Analisando Propostas e Crises no Setor da Saúde
Com a aproximação das eleições, as candidaturas no cenário nacional já despertam críticas e sugestões relacionadas à saúde pública. Propostas e projetos, ainda que em estágio inicial, estão em circulação e geram debates importantes. O último a entrar nessa discussão foi o doutor Queiroga, ex-ministro do governo Bolsonaro, que lançou em fevereiro o chamado Plano Real da Saúde. Essa “reforma” propõe revisar os valores da tabela do SUS, garantindo uma remuneração mais justa aos profissionais da saúde.
Entretanto, ao que parece, o programa eleitoral do PL de 2022 se apresenta como um mero repeteco, sem qualquer referência ao fato de que suas promessas não foram cumpridas durante um mandato marcado pelo negacionismo. O que se vê agora é um esforço para alavancar a candidatura do autor do plano ao Senado, buscando apoio entre empresários do setor e entidades médicas.
Na busca por soluções, espera-se que as forças democráticas apresentem uma plataforma sólida que atenda as crescentes demandas por cuidados de saúde, um tema que figura entre as principais preocupações da população, conforme revelado em diversas pesquisas de opinião. Contudo, a realidade é mais complexa.
Historicamente, as candidaturas majoritárias costumam se concentrar em promessas vagas, propondo fazer “mais do mesmo” em um prazo ainda menor. Essa estratégia tem como foco atrair eleitores com maior capacidade de influenciar, mas acaba deixando de lado mudanças estruturais necessárias.
O Ministério da Saúde, que sofreu danos consideráveis durante os governos de direita e extrema-direita, teve um início de recuperação sob a liderança de Nísia Trindade e Alexandre Padilha.
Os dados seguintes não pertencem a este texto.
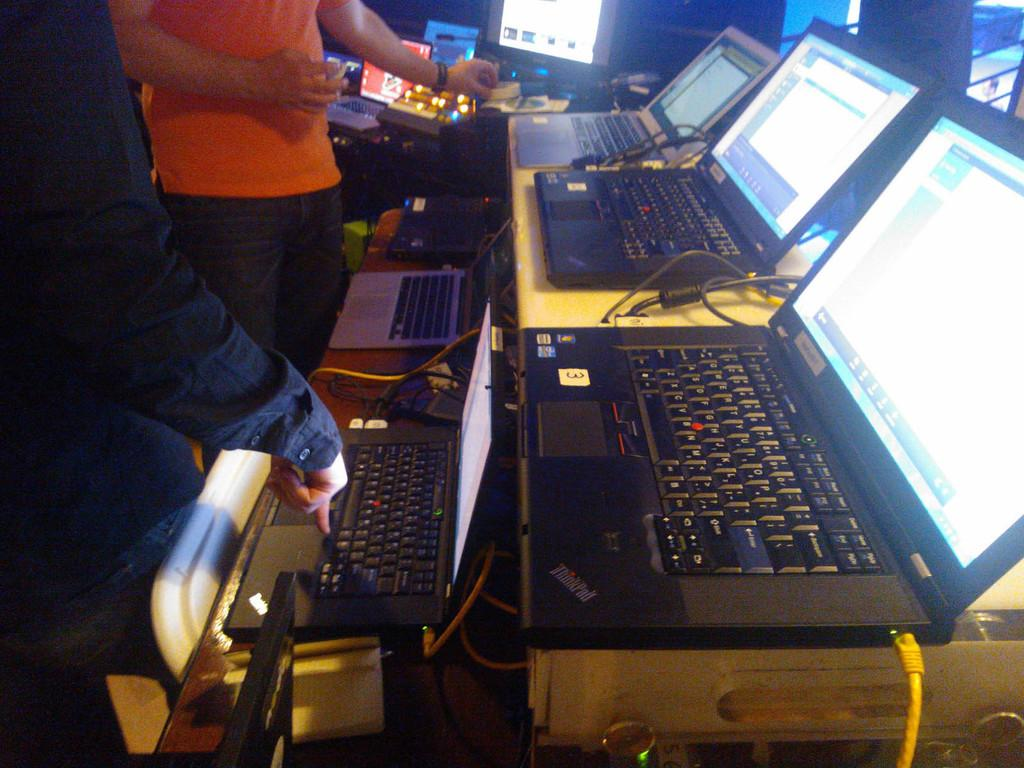<image>
Describe the image concisely. Two people looking at laptop computers, which happen to be ThinkPads. 
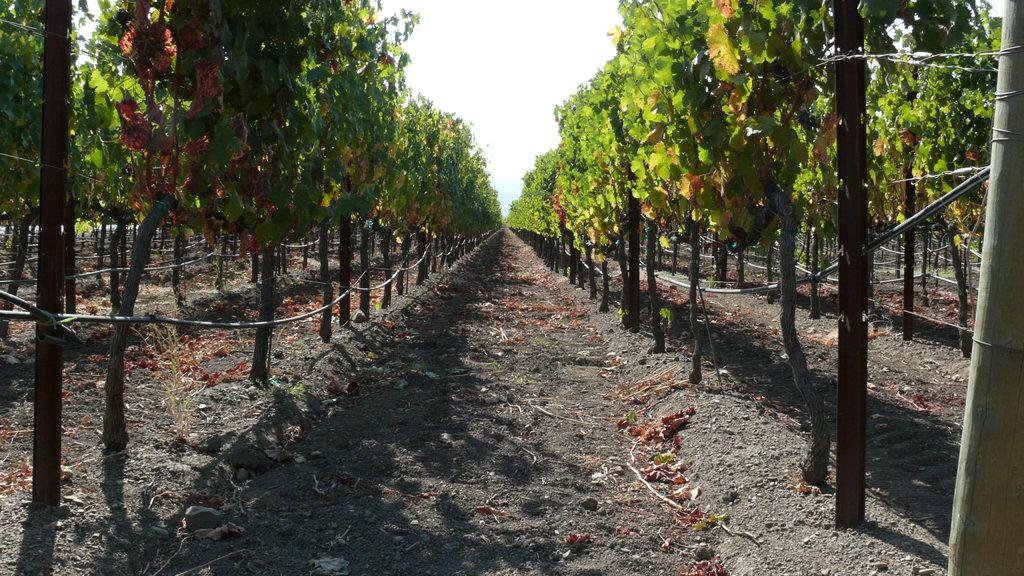What type of vegetation can be seen on the left side of the image? There are trees on the left side of the image. What type of vegetation can be seen on the right side of the image? There are trees on the right side of the image. Can you describe any specific features of the trees in the image? Based on the provided facts, we cannot determine any specific features of the trees in the image. What is the overall setting of the image? The image features trees on both sides, suggesting a natural or outdoor setting. What type of hospital can be seen in the image? There is no hospital present in the image; it features trees on both sides. Can you describe the bird's nest in the image? There is no bird or nest present in the image; it only features trees on both sides.

No entanto, ainda enfrenta desafios para implementar iniciativas significativas que realmente impactem a população.
Desafios e Avanços no SUS Universal
As tentativas de consolidar um Sistema Único de Saúde (SUS) universal enfrentam barreiras impostas por interesses particulares presentes nas coalizões políticas, que vão desde a direita até a centro-esquerda. A constante movimentação entre propostas que atendem a bases de apoio pode fragmentar as esperanças de um futuro mais robusto e eficiente para o setor público.
Recentemente, o espaço deixado pela falta de propostas viáveis para um SUS atualizado e de qualidade tem sido preenchido por iniciativas de dois tipos: a reestruturação das fundações institucionais da saúde e o fortalecimento de grupos de lobby. A primeira ação inclui a sugestão do Instituto Todos pela Saúde, que defende a criação de um órgão específico para prevenção e controle de doenças, apoiada por especialistas e profissionais da área. Já a segunda se refere a um aumento nas atribuições da ANS, visando regular inovações tecnológicas.
Desde os anos 2000, a temporada eleitoral tem se mostrado propensa à reabilitação de grupos de pressão, que buscam expandir seus mercados, apresentando isso como solução única para a crise na saúde brasileira. Essas movimentações não são novidade e, frequentemente, têm se mostrado eficazes, como se a segmentação dos cuidados à saúde fosse inevitável.
O Jogo Está Aberto para 2026
A disputa por recursos e atenção à saúde, refletida em itens como a distribuição de medicamentos e a quantidade de ambulâncias, por si só, não estabelece um sistema de saúde eficiente. A falta de alternativas robustas para questões de violência, abortos, poluição, e a crescente carga financeira que recai sobre as famílias em relação a medicamentos, já suavizada pelo Programa Farmácia Popular, mas longe de ser solucionada, revela um cenário problemático.
Além disso, os posicionamentos a favor de subsídios e investimentos públicos no setor privado apenas reforçam desigualdades e dificultam o acesso à saúde para a maioria da população. A pergunta que fica é: estaremos dispostos a lutar por uma saúde pública digna ou permaneceremos apenas acendendo velas em tempos críticos para nossos direitos e para a democracia?